Symbiotic relationship between Streptococcus mutans and Candida albicans synergizes the virulence of plaque-biofilms in vivo
Falsetta, M.L., et al
Infection and Immunity. 2014. Published ahead of print 24 February 2014, doi: 10.1128/IAI.00087-14.
Streptococcus mutans is often cited as the main bacterial pathogen in dental caries, particularly in early-childhood caries (ECC). S. mutans may not act alone; Candida albicans cells are frequently detected along with heavy infection by S. mutans in plaque-biofilms from ECC-affected children. It remains to be elucidated whether this association is involved in the enhancement of biofilm virulence. We showed that the ability of these organisms together to form biofilms is enhanced in vitro and in vivo. The presence of C. albicans augments exopolysaccharides (EPS) production, such that co-species biofilms accrue more biomass and harbor more viable S. mutans cells than single-species biofilms. The resulting three-dimensional biofilm architecture displays sizeable S. mutans-microcolonies surrounded by fungal cells, which are enmeshed in a dense EPS-rich matrix. Using a rodent model, we explored the implications of this cross-kingdom interaction in the pathogenesis of dental caries. Co-infected animals displayed increased levels of infection and elevated microbial-carriage within plaque-biofilms compared to those infected with either alone.
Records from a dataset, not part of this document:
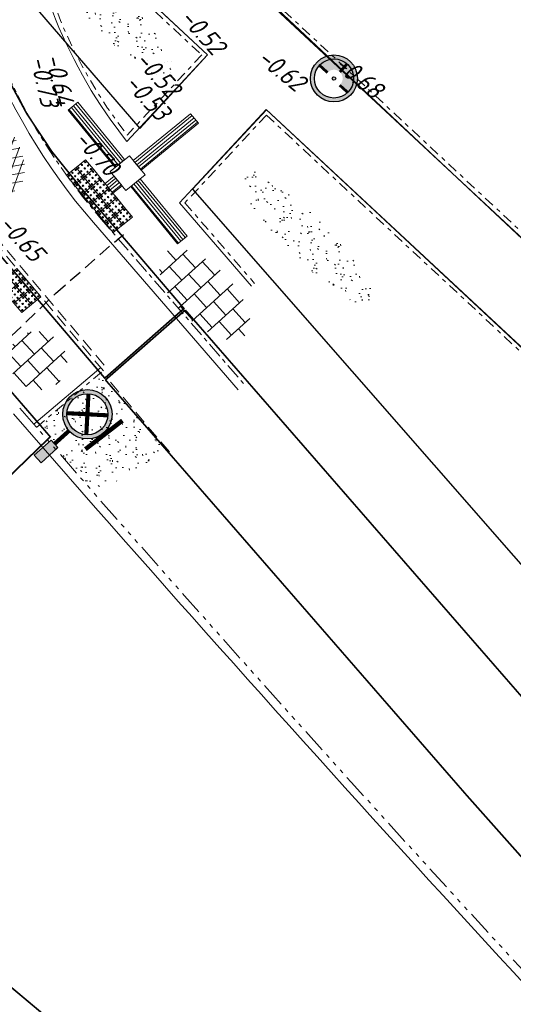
# Model space of a CAD drawing. Header units: metres. Extents: x 111546 to 149831, y 498798 to 507863.
# Tile 6 of 256: x 113514 to 113526, y 498963 to 498987. Entities that reach past the tile are written whole.
import ezdxf
from ezdxf.enums import TextEntityAlignment as Align

# ---------------------------------------------------------------- set-up
doc = ezdxf.new("R2010")
doc.units = ezdxf.units.M
for name, pattern in [('ACAD_ISO14W100', [24, 12, -3, 0, -3, 0, -3, 0, -3]), ('CENTER2', [28.575, 19.05, -3.175, 3.175, -3.175]), ('DASHDOT', [25.4, 12.7, -6.35, 0, -6.35]), ('DASHED', [19.05, 12.7, -6.35]), ('HIDDEN2', [4.7625, 3.175, -1.5875])]:
    doc.linetypes.add(name, pattern=pattern)
for name, color, linetype in [('0-hoogte mv-bestaand', 253, 'Continuous'), ('3-bs-materiaal scheiding', 200, 'HIDDEN2'), ('3-NW-HV-316010+318010-Afwerken zandbed voor wegfundering en menggranulaat-opp', 20, 'Continuous'), ('3-nw-verkeersbord-op LM-aanlegtek', 200, 'Continuous'), ('3-vw-band-ob 6x20', 30, 'Continuous'), ('6-OVL-nw-lichtmast', 7, 'Continuous'), ('6-OVL-nw-lichtmast D+E', 150, 'Continuous'), ('6-OVL-nw-lichtmast nr', 2, 'Continuous')]:
    doc.layers.add(name, color=color, linetype=linetype)
for name, color, linetype, lineweight in [('3-nw-arcering-trottoir', 2, 'Continuous', 15), ('3-nw-band-gb 5-20x20 gb-achterkant', 7, 'CENTER2', 13), ('3-nw-band-gb 5-20x20 gb-voorkant', 7, 'Continuous', 13), ('3-nw-band-gb 5-20x20 gb-voorkant-bochtband-uitwendig', 7, 'Continuous', 15), ('3-nw-band-ob 10x20', 7, 'Continuous', 13), ('3-nw-band-ob 10x20-achterkant', 7, 'DASHDOT', 13), ('3-nw-band-trb18-20x20-achterkant-betonrug', 20, 'ACAD_ISO14W100', 13), ('3-nw-band-trb18-20x20-voorkant-betonrug', 20, 'Continuous', 13), ('3-nw-BSS-wit-tussen tegels en asfalt fietspad', 2, 'DASHED', 13), ('3-nw-bushalte-mindervalide-N', 7, 'Continuous', 15), ('3-nw-mat-hatch-asfalt rood', 20, 'Continuous', 5), ('3-nw-materiaal scheiding-asfalt', 7, 'DASHED', 15), ('4-nw-gazon', 7, 'Continuous', 5)]:
    doc.layers.add(name, color=color, linetype=linetype, lineweight=lineweight)
doc.styles.add('veysel', font='isocp-ie.shx', dxfattribs={"height": 0.1})
doc.styles.add('Zaanstad', font='ARIALN.TTF')
doc.styles.add('Zaanstad 1-200 2.0mm', font='ARIALN.TTF', dxfattribs={"height": 0.4})

# ---------------------------------------------------------------- blocks, each defined once
blk = doc.blocks.new('6-OVL-LM 6.0m')
at = {"linetype": 'ByBlock', "lineweight": -2}
h = blk.add_hatch(color=0, dxfattribs=at)
h.paths.add_polyline_path([(0, 0.6, 1), (0, -0.6, 1)])
h.paths.add_polyline_path([(0, -0.5, -1), (0, 0.5, -1)], flags=16)
h.paths.add_polyline_path([(0, -0.045, -1), (0, 0.045, -1)], flags=0)
blk.add_hatch(color=0, dxfattribs=at).paths.add_polyline_path([(1.625, -0.125), (1.625, 0.125), (1.075, 0.125), (1.075, -0.125)])
at = {"color": 0, "linetype": 'ByBlock', "lineweight": -2, "const_width": 0.1}
for points in [[(-0.354, 0.354), (0.354, -0.354)], [(-0.354, -0.354), (0.354, 0.354)], [(1.075, 0), (0.6, 0)]]:
    blk.add_lwpolyline(points, dxfattribs=at)
at = {"color": 0, "linetype": 'ByBlock', "lineweight": -2}
blk.add_lwpolyline([(1.075, -0.125), (1.625, -0.125), (1.625, 0.125), (1.075, 0.125)], close=True, dxfattribs=at)
for radius in [0.6, 0.5, 0.0451]:
    blk.add_circle((0, 0), radius, dxfattribs=at)
at = {"layer": '6-OVL-nw-lichtmast nr', "linetype": 'ByBlock', "lineweight": -2, "style": 'Zaanstad'}
blk.add_attdef('MAST', (1.861, 0.289), '', height=0.4, dxfattribs=at)
at = {"layer": '6-OVL-nw-lichtmast nr', "linetype": 'ByBlock', "lineweight": -2, "style": 'Zaanstad', "flags": 1}
blk.add_attdef('STRAAT', (1.861, -0.68), '', height=0.4, dxfattribs=at)
blk = doc.blocks.new('6-OVL-LM 3.5m fietspad')
at = {"linetype": 'ByBlock', "lineweight": -2}
h = blk.add_hatch(color=0, dxfattribs=at)
h.paths.add_polyline_path([(0, 0.42, 1), (0, -0.42, 1)])
h.paths.add_polyline_path([(0, -0.35, -1), (0, 0.35, -1)], flags=16)
h.paths.add_polyline_path([(0, -0.032, -1), (0, 0.032, -1)], flags=0)
h = blk.add_hatch(color=0, dxfattribs=at)
h.dxf.hatch_style = 1
h.paths.add_polyline_path([(0, 0.156, -0.031603), (0.02, 0.155), (0.02, 0.349, 0.014031), (0, 0.35, 0.414214), (-0.35, 0), (-0.156, 0, -0.414214)])
h.paths.add_polyline_path([(0, -0.35), (0, -0.156, -0.414214), (-0.156, 0), (-0.35, 0, 0.414214)])
at = {"color": 0, "linetype": 'ByBlock', "lineweight": -2, "const_width": 0.05}
for points in [[(0.02, 0.349), (0.02, 0.155)], [(-0.156, 0), (-0.35, 0)], [(0, -0.156), (0, -0.35)]]:
    blk.add_lwpolyline(points, dxfattribs=at)
at = {"color": 0, "linetype": 'ByBlock', "lineweight": -2}
for radius in [0.42, 0.35, 0.0315]:
    blk.add_circle((0, 0), radius, dxfattribs=at)
at = {"ltscale": 2.5, "style": 'Zaanstad 1-200 2.0mm', "flags": 1}
blk.add_attdef('STRAAT', (1.192, -1.016), '', height=0.4, dxfattribs=at)
at = {"layer": '6-OVL-nw-lichtmast nr', "ltscale": 0.05, "style": 'Zaanstad'}
blk.add_attdef('MAST', (1.228, 0.306), '', height=0.4, dxfattribs=at)
blk = doc.blocks.new('A$C64341721')
at = {"ltscale": 0.02}
blk.add_lwpolyline([(0.203, 0.221), (0.424, 0.018), (0.221, -0.203), (0, 0)], close=True, dxfattribs=at)
for centre in [(0.06, 0.003), (0.133, 0.082), (0.205, 0.161), (0.212, 0.009), (0.285, 0.088), (0.364, 0.015), (0.139, -0.07), (0.219, -0.143), (0.291, -0.064)]:
    blk.add_circle(centre, 0.0169, dxfattribs=at)

msp = doc.modelspace()

# ---------------------------------------------------------------- hatches: boundary and pattern name
at = {"layer": '3-nw-arcering-trottoir'}
h = msp.add_hatch(dxfattribs=at)
h.set_pattern_fill('AVH-TEGEL_300X300_HALFST', color=256, scale=1.5, angle=292.24273, style=0, pattern_type=2)
h.set_pattern_definition([(312.266212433, (557589.17752, 746348.05721), (0.46916556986, -0.18168287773), [0.45, -0.45]), (42.26621243, (557589.17752, 746348.0572), (-0.3026593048, 0.33301253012), [])])
edge = h.paths.add_edge_path()
edge.add_ellipse((113518.9619, 498980.2717), major_axis=(0.9889, -1.0004), ratio=0.488545, start_angle=0, end_angle=360)
h = msp.add_hatch(dxfattribs=at)
h.set_pattern_fill('AVH-TEGEL_300X300_HALFST', color=256, scale=1.5, angle=292.24273, style=0, pattern_type=2)
h.set_pattern_definition([(312.266212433, (557585.12395, 746346.4439), (0.46916556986, -0.18168287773), [0.45, -0.45]), (42.26621243, (557585.12395, 746346.4439), (-0.3026593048, 0.33301253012), [])])
edge = h.paths.add_edge_path()
edge.add_ellipse((113514.9083, 498978.6584), major_axis=(0.5117, -0.5176), ratio=0.9441657, start_angle=0, end_angle=360)
at = {"layer": '3-nw-bushalte-mindervalide-N', "ltscale": 0.1}
h = msp.add_hatch(dxfattribs=at)
h.set_pattern_fill('ANSI31', color=256, scale=0.022, angle=315)
h.set_pattern_definition([(309.256, (113515.3999, 498985.20835), (0.0540867, 0.0442002), [])])
h.paths.add_polyline_path([(113515.6461, 498984.7507), (113515.8784, 498984.9405), (113517.0174, 498983.5467), (113516.7851, 498983.3569)])
h = msp.add_hatch(dxfattribs=at)
h.set_pattern_fill('ANSI31', color=256, scale=0.022, angle=405)
h.set_pattern_definition([(39.256, (113516.96064, 498983.047005), (-0.0442002, 0.0540867), [])])
h.paths.add_polyline_path([(113517.4183, 498983.2932), (113517.2285, 498983.5255), (113518.6223, 498984.6645), (113518.8121, 498984.4322)])
h = msp.add_hatch(dxfattribs=at)
h.set_pattern_fill('ANSI31', color=256, scale=0.022, angle=405)
h.set_pattern_definition([(39.256, (113516.273875, 498982.48577), (-0.0442, 0.0540867), [])])
h.paths.add_polyline_path([(113516.7315, 498982.732), (113516.5417, 498982.9643), (113516.7639, 498983.1458), (113516.9537, 498982.9135)])
h = msp.add_hatch(dxfattribs=at)
h.set_pattern_fill('ANSI31', color=256, scale=0.022, angle=315)
h.set_pattern_definition([(309.256, (113516.91859, 498983.34997), (0.0540867, 0.0442002), [])])
h.paths.add_polyline_path([(113517.1648, 498982.8923), (113517.3971, 498983.0821), (113518.5361, 498981.6883), (113518.3038, 498981.4985)])
at = {"layer": '3-nw-mat-hatch-asfalt rood', "ltscale": 0.05}
h = msp.add_hatch(dxfattribs=at)
h.set_pattern_fill('AVH-ASFALT', color=256, scale=0.2, angle=-55.109, pattern_type=2)
h.set_pattern_definition([(9.925, (113511.46355, 498986.14237), (-0.034472, 0.197007), []), (69.925, (113511.46355, 498986.14237), (-0.187849, 0.06865), [])])
edge = h.paths.add_edge_path()
edge.add_ellipse((113513.3749, 498983.9454), major_axis=(1.0383, -1.102), ratio=0.5677801, start_angle=0, end_angle=360)
at = {"layer": '4-nw-gazon', "ltscale": 0.1}
h = msp.add_hatch(dxfattribs=at)
h.set_pattern_fill('AGR-GRAS_GAZON', color=256, scale=0.25, angle=-51.16636, pattern_type=2)
h.set_pattern_definition([(303.748, (113632.08056, 498993.67853), (0.481704, -0.0158072), [0, -0.38, 0, -0.425, 0, -0.40625]), (273.748, (113632.08056, 498993.67853), (0.6750717, -0.4876646), [0, -0.205, 0, -0.3425, 0, -0.13125]), (233.748, (113632.1007, 498993.98538), (-0.0495339, -0.7769594), [0, -0.125, 0, -0.45, 0, -0.5875]), (223.748, (113632.1007, 498993.9854), (0.16977, -0.764279), [0, -0.0625, 0, -0.295, 0, -0.3375]), (317.248, (113633.07257, 498994.24984), (0.4467949, 0.0969924), [0.0375, -0.523875]), (276.248, (113631.17165, 498994.3745), (0.4008331, -0.2199227), [0.0375, -0.523875])])
edge = h.paths.add_edge_path()
edge.add_ellipse((113516.5776, 498987.2008), major_axis=(1.6112, -1.6365), ratio=0.222667, start_angle=0, end_angle=360)
h = msp.add_hatch(dxfattribs=at)
h.set_pattern_fill('AGR-GRAS_GAZON', color=256, scale=0.25, angle=-51.16636, pattern_type=2)
h.set_pattern_definition([(303.748, (113636.90735, 498988.1566), (0.481704, -0.0158072), [0, -0.38, 0, -0.425, 0, -0.40625]), (273.748, (113636.90735, 498988.1566), (0.6750717, -0.4876646), [0, -0.205, 0, -0.3425, 0, -0.13125]), (233.748, (113636.92748, 498988.46345), (-0.0495339, -0.7769594), [0, -0.125, 0, -0.45, 0, -0.5875]), (223.748, (113636.9275, 498988.46345), (0.16977, -0.764279), [0, -0.0625, 0, -0.295, 0, -0.3375]), (317.248, (113637.89937, 498988.7279), (0.4467949, 0.0969924), [0.0375, -0.523875]), (276.248, (113635.99845, 498988.85258), (0.4008331, -0.2199227), [0.0375, -0.523875])])
edge = h.paths.add_edge_path()
edge.add_ellipse((113521.4044, 498981.6789), major_axis=(1.6112, -1.6365), ratio=0.222667, start_angle=0, end_angle=360)
h = msp.add_hatch(dxfattribs=at)
h.set_pattern_fill('AGR-GRAS_GAZON', color=256, scale=0.25, angle=-48.87437, pattern_type=2)
h.set_pattern_definition([(306.04, (113676.1779, 498938.79694), (0.4819508, 0.0034698), [0, -0.38, 0, -0.425, 0, -0.40625]), (276.04, (113676.1779, 498938.79694), (0.6940344, -0.460277), [0, -0.205, 0, -0.3425, 0, -0.13125]), (236.04, (113676.1857, 498939.10434), (-0.018422, -0.7783188), [0, -0.125, 0, -0.45, 0, -0.5875]), (226.04, (113676.1857, 498939.10434), (0.2001994, -0.7568782), [0, -0.0625, 0, -0.295, 0, -0.3375]), (319.54, (113677.14625, 498939.40746), (0.4425585, 0.1147831), [0.0375, -0.523875]), (278.54, (113675.24187, 498939.456), (0.4093076, -0.2037166), [0.0375, -0.523875])])
h.paths.add_polyline_path([(113516.2891, 498975.4153), (113514.8715, 498977.0359), (113516.4425, 498978.3647), (113518.0947, 498976.4508)])

# ---------------------------------------------------------------- linework, layer by layer
at = {"layer": '3-bs-materiaal scheiding', "ltscale": 0.1}
msp.add_lwpolyline([(113513.2419, 498978.2656), (113515.3359, 498980.2926), (113516.9859, 498981.7296)], dxfattribs=at)
at = {"layer": '3-nw-band-gb 5-20x20 gb-achterkant', "ltscale": 0.02}
msp.add_lwpolyline([(113516.0825, 499001.1178, 0.3626564), (113516.408, 498982.1468), (113519.9278, 498978.0762)], format="xyb", dxfattribs=at)
at = {"layer": '3-nw-band-gb 5-20x20 gb-voorkant'}
msp.add_lwpolyline([(113516.2567, 498982.016), (113519.7765, 498977.9454)], dxfattribs=at)
at = {"layer": '3-nw-band-gb 5-20x20 gb-voorkant-bochtband-uitwendig'}
msp.add_lwpolyline([(113515.8637, 499001.1651), (113515.9268, 499001.2434, 0.3626564), (113516.2567, 498982.016)], format="xyb", dxfattribs=at)
at = {"layer": '3-nw-band-ob 10x20'}
for points in [[(113514.5496, 498992.9334), (113533.0997, 498975.6741)], [(113514.5149, 498990.3021), (113519.0339, 498986.0976), (113517.0736, 498983.9908)], [(113520.4615, 498984.7694), (113518.35, 498982.4999)], [(113520.4615, 498984.7694), (113531.7715, 498974.2465)], [(113518.35, 498982.4999), (113520.1031, 498980.4725)], [(113514.8058, 498977.1113), (113516.4355, 498978.4898)]]:
    msp.add_lwpolyline(points, dxfattribs=at)
msp.add_lwpolyline([(113517.0736, 498983.9908, -0.1448575), (113514.5149, 498990.3021, -0.1448575)], format="xyb", dxfattribs=at)
at = {"layer": '3-nw-band-ob 10x20-achterkant', "ltscale": 0.02}
for points in [[(113514.6608, 498992.9665), (113533.1679, 498975.7473)], [(113514.6435, 498990.0459), (113518.8925, 498986.0925), (113517.0799, 498984.1443)], [(113520.4666, 498984.628), (113518.4843, 498982.4975)], [(113520.4666, 498984.628), (113531.7033, 498974.1733)], [(113518.4843, 498982.4975), (113520.1788, 498980.5379)], [(113514.8704, 498977.035), (113516.5001, 498978.4134)]]:
    msp.add_lwpolyline(points, dxfattribs=at)
msp.add_lwpolyline([(113517.0799, 498984.1443, -0.1366376), (113514.6435, 498990.0459, -0.1366376)], format="xyb", dxfattribs=at)
at = {"layer": '3-nw-band-trb18-20x20-achterkant-betonrug', "ltscale": 0.05}
msp.add_lwpolyline([(113514.4666, 498977.5027, 0.0125294), (113536.3366, 498953.5992)], format="xyb", dxfattribs=at)
at = {"layer": '3-nw-band-trb18-20x20-voorkant-betonrug', "ltscale": 0.05}
msp.add_lwpolyline([(113514.3096, 498977.3675, 0.0123094), (113536.1925, 498953.4606, -0.0045558), (113543.8356, 498945.5059)], format="xyb", dxfattribs=at)
at = {"layer": '3-nw-BSS-wit-tussen tegels en asfalt fietspad', "ltscale": 0.025}
for points in [[(113516.5176, 498978.5476), (113512.9394, 498982.778, 0.4166339), (113512.2316, 498982.8341), (113511.8569, 498982.5118)], [(113516.5009, 498978.4125), (113512.8631, 498982.7134, 0.4166339), (113512.2969, 498982.7583), (113511.9221, 498982.436)]]:
    msp.add_lwpolyline(points, format="xyb", dxfattribs=at)
at = {"layer": '3-nw-bushalte-mindervalide-N', "ltscale": 0.02}
for points in [[(113515.6461, 498984.7507), (113515.8784, 498984.9405), (113517.0174, 498983.5467), (113516.7851, 498983.3569)], [(113517.4183, 498983.2932), (113517.2285, 498983.5255), (113518.6223, 498984.6645), (113518.8121, 498984.4322)], [(113517.1336, 498983.6416), (113517.5132, 498983.1771), (113517.0486, 498982.7974), (113516.669, 498983.262)], [(113516.7315, 498982.732), (113516.5417, 498982.9643), (113516.7639, 498983.1458), (113516.9537, 498982.9135)], [(113517.1648, 498982.8923), (113517.3971, 498983.0821), (113518.5361, 498981.6883), (113518.3038, 498981.4985)]]:
    msp.add_lwpolyline(points, close=True, dxfattribs=at)
at = {"layer": '3-NW-HV-316010+318010-Afwerken zandbed voor wegfundering en menggranulaat-opp', "ltscale": 0.02}
msp.add_lwpolyline([(113494.944, 498976.1924, 0.04, 0.04, 0), (113502.3356, 498969.9742, 0.04, 0.04, 0), (113514.8293, 498959.5816, 0.04, 0.04, 0), (113522.4697, 498953.1462, 0.04, 0.04, 0), (113524.3942, 498951.5253, 0.04, 0.04, 0), (113526.0107, 498953.4124, 0.04, 0.04, 0), (113525.2632, 498954.093, 0.04, 0.04, 0), (113519.5568, 498958.9743, 0.04, 0.04, 0), (113514.4312, 498963.273, 0.04, 0.04, 0), (113508.9292, 498967.8669, 0.04, 0.04, 0), (113508.1043, 498968.4461, 0.04, 0.04, 0), (113507.3652, 498969.1114, 0.04, 0.04, 0), (113507.7427, 498969.5758, 0.04, 0.04, 0), (113515.2076, 498976.8059, 0.04, 0.04, 0), (113511.6868, 498980.8788, 0.04, 0.04, 0), (113511.3985, 498981.219, 0.04, 0.04, -0.4008237), (113511.427, 498981.6983, 0.04, 0.04, 0), (113512.4957, 498982.6467, 0.04, 0.04, -0.3951689), (113512.7791, 498982.6391, 0.04, 0.04, 0), (113516.5344, 498978.2323, 0.04, 0.04, 0), (113518.4599, 498979.9266, 0.04, 0.04, 0), (113515.9477, 498982.8693, 0.04, 0.04, -0.1853072), (113512.9087, 498991.0432, 0.04, 0.04, -0.0916394)], format="xyseb", dxfattribs=at)
at = {"layer": '3-NW-HV-316010+318010-Afwerken zandbed voor wegfundering en menggranulaat-opp', "ltscale": 0.02, "const_width": 0.04}
msp.add_lwpolyline([(113585.9474, 498898.8648, -0.0126536), (113575.201, 498911.6024), (113570.3469, 498917.6177, 0.0072462), (113559.1465, 498930.7567, 0.4161844), (113558.0135, 498930.8266), (113557.7247, 498930.5697), (113555.4647, 498933.1098), (113555.7629, 498933.3751, 0.414706), (113555.8279, 498934.5055, 0.0047433), (113548.2214, 498942.8645), (113547.1949, 498941.9125), (113543.6106, 498945.7444), (113544.628, 498946.7048, -0.0041776), (113543.2619, 498948.1475, -0.0081355), (113516.5511, 498978.1885), (113518.4928, 498979.8886, 0.008278), (113545.1771, 498949.9059, -0.017012), (113572.3634, 498919.2662), (113577.2816, 498913.2438, 0.0124999), (113583.1587, 498906.0413), (113587.2084, 498901.363, 0.0693823)], format="xyb", dxfattribs=at)
at = {"layer": '3-nw-materiaal scheiding-asfalt', "ltscale": 0.025}
msp.add_lwpolyline([(113518.1059, 498976.4375), (113516.5551, 498978.271)], dxfattribs=at)
at = {"layer": '3-nw-verkeersbord-op LM-aanlegtek', "const_width": 0.1094}
msp.add_lwpolyline([(113516.063, 498976.5043), (113516.9629, 498977.2007)], dxfattribs=at)
at = {"layer": '3-vw-band-ob 6x20', "ltscale": 0.05}
for points in [[(113529.4159, 499014.1676), (113522.2849, 499005.3406), (113513.4829, 498994.0046), (113533.0209, 498975.6806)], [(113555.5518, 498967.5828), (113542.7449, 498968.7436), (113537.6929, 498970.1016), (113532.9599, 498973.1206), (113520.4669, 498984.7556), (113518.6699, 498982.8316), (113528.4169, 498971.6956), (113528.3219, 498971.6006), (113542.8129, 498954.9476)]]:
    msp.add_lwpolyline(points, dxfattribs=at)
msp.add_lwpolyline([(113519.0339, 498986.0976), (113513.2429, 498991.4856), (113512.1989, 498990.3176), (113517.3879, 498984.3076)], close=True, dxfattribs=at)

# ---------------------------------------------------------------- block references
at = {"layer": '3-nw-bushalte-mindervalide-N', "ltscale": 0.02}
for p, rotation in [((113515.8348, 498983.3552), 351.841681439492), ((113515.6025, 498983.1653), 351.841681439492), ((113515.7924, 498982.933), 351.841681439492), ((113516.0247, 498983.1229), 351.841681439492), ((113515.9822, 498982.7007), 351.841681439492), ((113516.2145, 498982.8906), 351.841681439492), ((113516.172, 498982.4684), 351.841681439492), ((113516.4043, 498982.6583), 351.841681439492), ((113516.3619, 498982.2361), 351.841681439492), ((113516.5942, 498982.426), 351.841681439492), ((113516.5517, 498982.0039), 351.841681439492), ((113516.784, 498982.1937), 351.841681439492), ((113514.1669, 498980.7074), 352.8110793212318), ((113514.3606, 498980.4784), 352.8110793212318), ((113514.1315, 498980.2846), 352.8110793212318), ((113514.5543, 498980.2493), 352.8110793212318), ((113514.3253, 498980.0556), 352.8110793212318)]:
    msp.add_blockref('A$C64341721', p, dxfattribs=dict(at, rotation=rotation))
at = {"layer": '6-OVL-nw-lichtmast', "ltscale": 0.05, "rotation": 221.9782348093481}
msp.add_blockref('6-OVL-LM 6.0m', (113516.111, 498977.354), dxfattribs=at)
at = {"layer": '6-OVL-nw-lichtmast D+E', "xscale": 1.361566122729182, "yscale": 1.361566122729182, "zscale": 1.361566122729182, "rotation": 227.7687859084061}
msp.add_blockref('6-OVL-LM 3.5m fietspad', (113522.1095, 498985.521), dxfattribs=at)

# ---------------------------------------------------------------- texts
at = {"layer": '0-hoogte mv-bestaand', "style": 'veysel', "oblique": 15}
for s, rotation, p in [('-0.52', 312, (113518.7513, 498986.5136)), ('-0.73', 283.17952, (113514.8526, 498985.4032)), ('-0.64', 283.17952, (113515.2179, 498985.448)), ('-0.52', 312, (113517.6591, 498985.4839)), ('-0.62', 321.18794, (113520.6944, 498985.5636)), ('-0.68', 320.47095, (113522.5723, 498985.3963)), ('-0.53', 312, (113517.408, 498984.9214)), ('-0.70', 312, (113516.179, 498983.5613)), ('-0.65', 312, (113514.3492, 498981.4909))]:
    msp.add_text(s, height=0.45, rotation=rotation, dxfattribs=at).set_placement(p, align=Align.CENTER)

doc.saveas('drawing.dxf')

Furthermore, co-infection synergistically enhanced biofilm virulence, leading to an aggressive onset of the disease with rampant carious lesions. Our in vitro data also revealed that glucosyltransferase-derived EPS is a key mediator of co-species biofilm development, and that co-existence with C. albicans induces the expression of virulence genes in S.mutans (e.g. gtfB,fabM). We also found that Candida-derived β1,3-glucans contribute to EPS-matrix structure, while fungal mannan and β-glucan provide sites for GtfB binding-activity. Altogether, we demonstrate a novel mutualistic bacterial-fungal relationship that occurs at a clinically relevant site to amplify the severity of a ubiquitous infectious disease.